На рассвете огромная колонна рабочих ХПЗ прямо с заводского двора двинулась к сборному призывному пункту на другом конце города. Призывников провожали жены, подружки, родители и товарищи, работавшие в ночную смену. В колонне ехали грузовые машины, в которых везли чемоданы, вещмешки и походные «буфеты», которые на ходу продавали ситро, папиросы, соевые пирожные и конфеты.

На одном из грузовиков мы установили наборные кассы и печатную машину-«американку» с ножным приводом, и выпускали импровизированные листовки. Главным образом, о тех призывниках, которые в этот день и час прямо в строю подавали заявления в партию. Особая комиссия парткома заседала здесь же, на грузовике с типографией.
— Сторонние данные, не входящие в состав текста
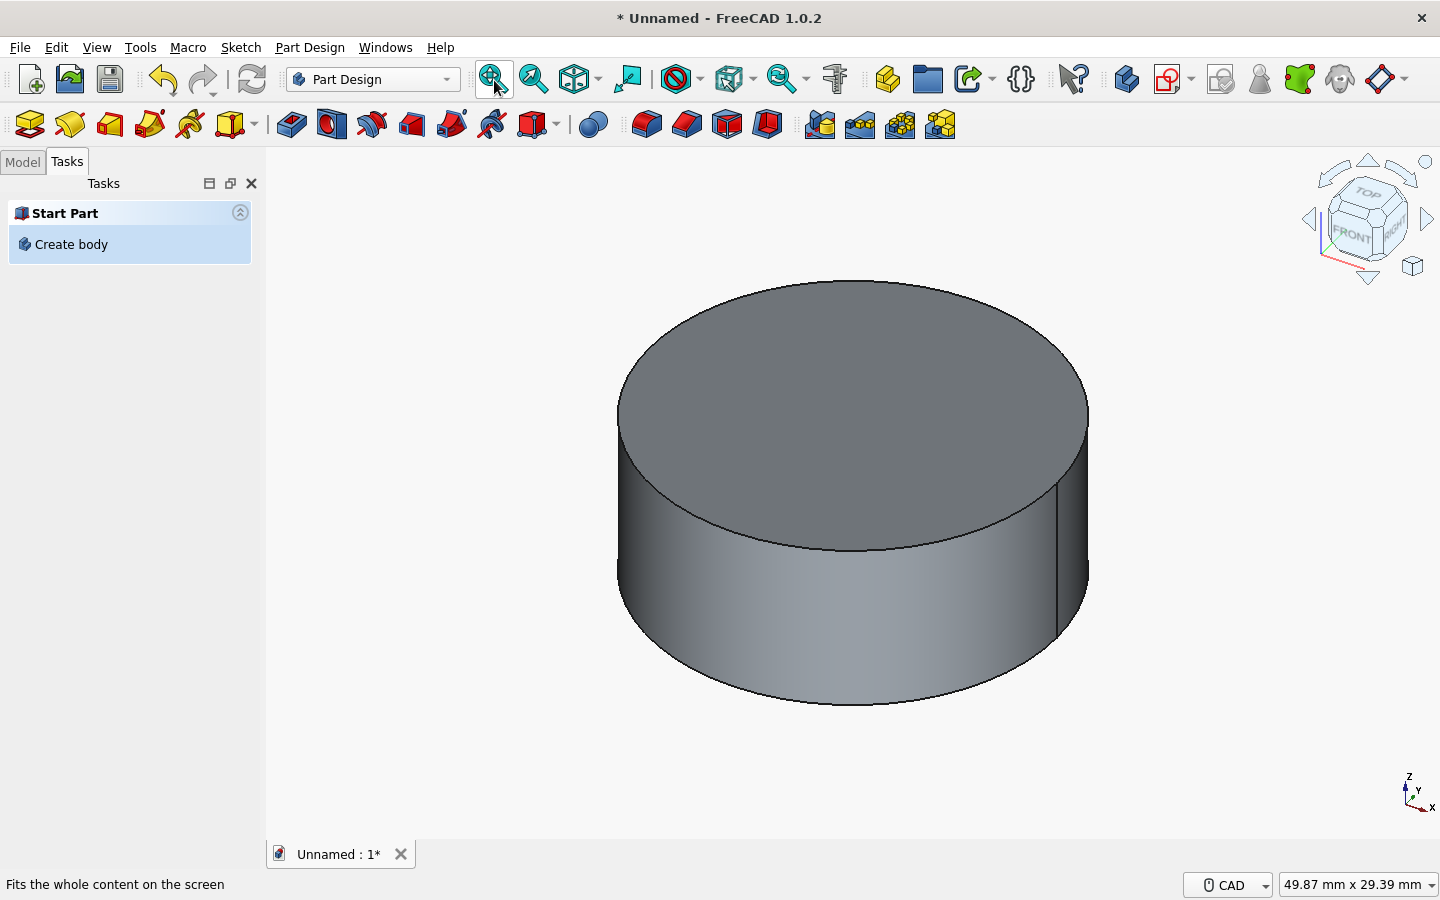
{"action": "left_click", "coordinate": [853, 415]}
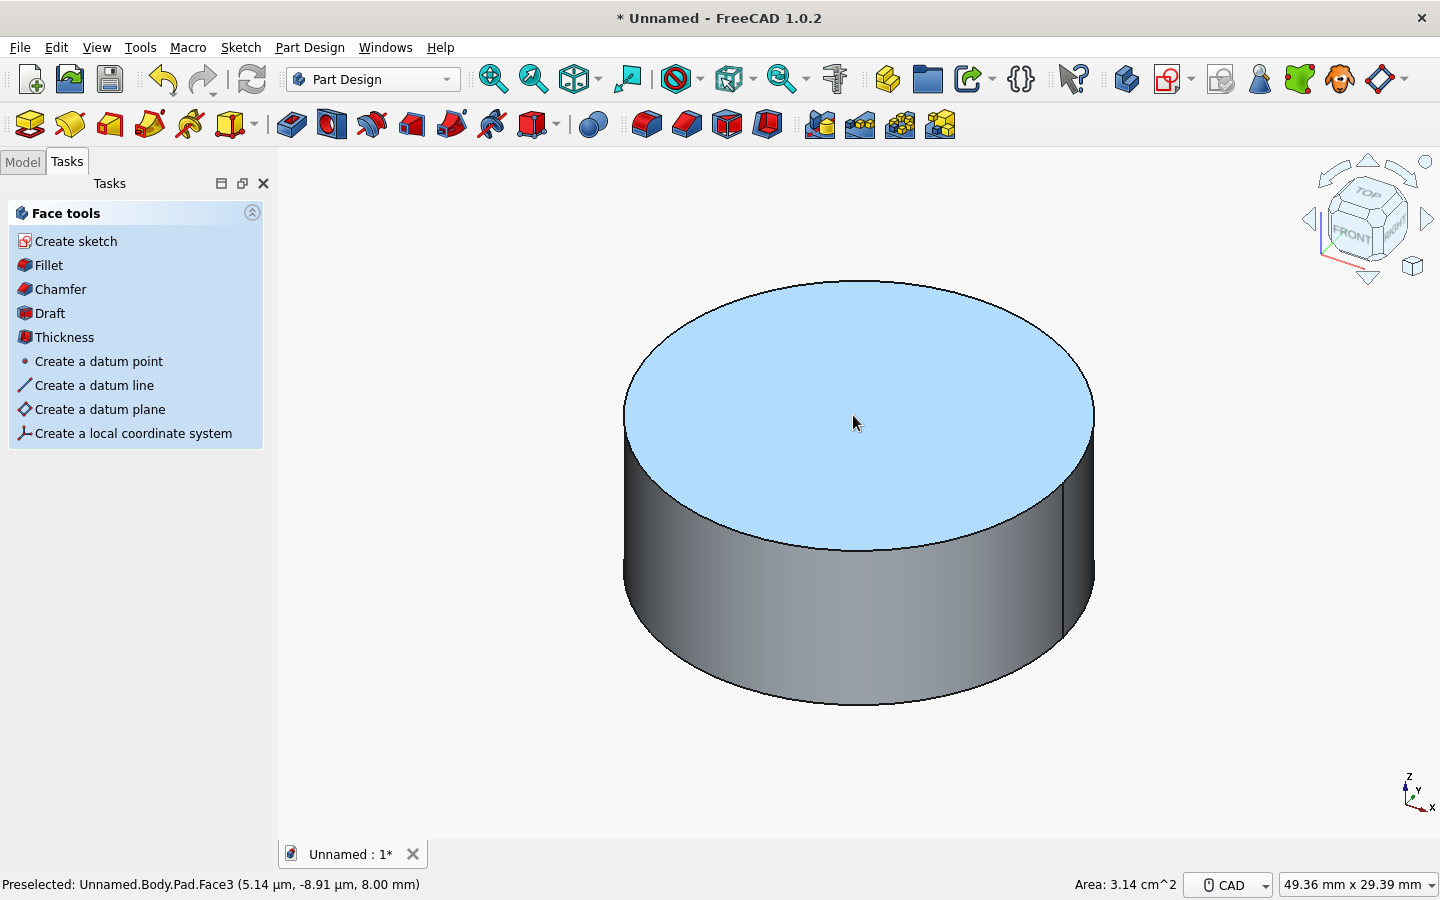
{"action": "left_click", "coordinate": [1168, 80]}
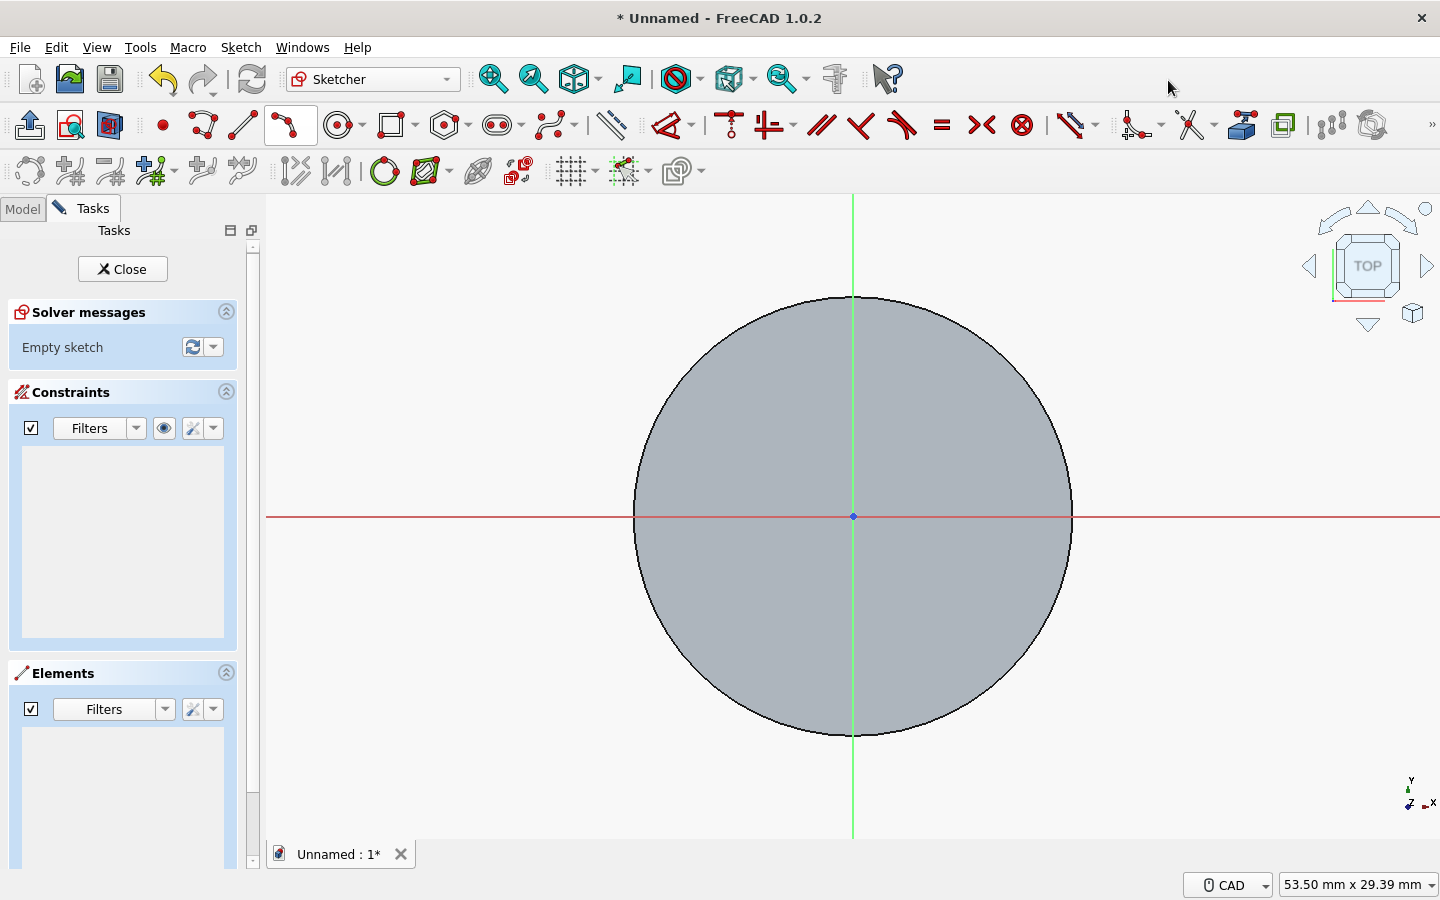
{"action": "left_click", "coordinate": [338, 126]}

Шли мы несколько часов, останавливаясь по пути; на большом пустыре перед призывным пунктом сбивались в компании, пели, плясали, скандировали лозунги. Были и хмельные, но мало. В этой шумной, суматошной игре взрослых виднелись и суровые, печальные лица и плачущие женщины. Многие продолжали верить, что война все-таки началась. Наш редактор говорил:

— Конечно, это маневры. Военные и политические маневры. Однако, на Амуре действительно неспокойно. Очень неспокойно. Там каждый день стреляют. И на Днестре и на Збруче тоже. Капиталистов кризис жмет все сильней. А выход из кризиса они могут искать только военный. Это закон природы. Той, которая природа империализма.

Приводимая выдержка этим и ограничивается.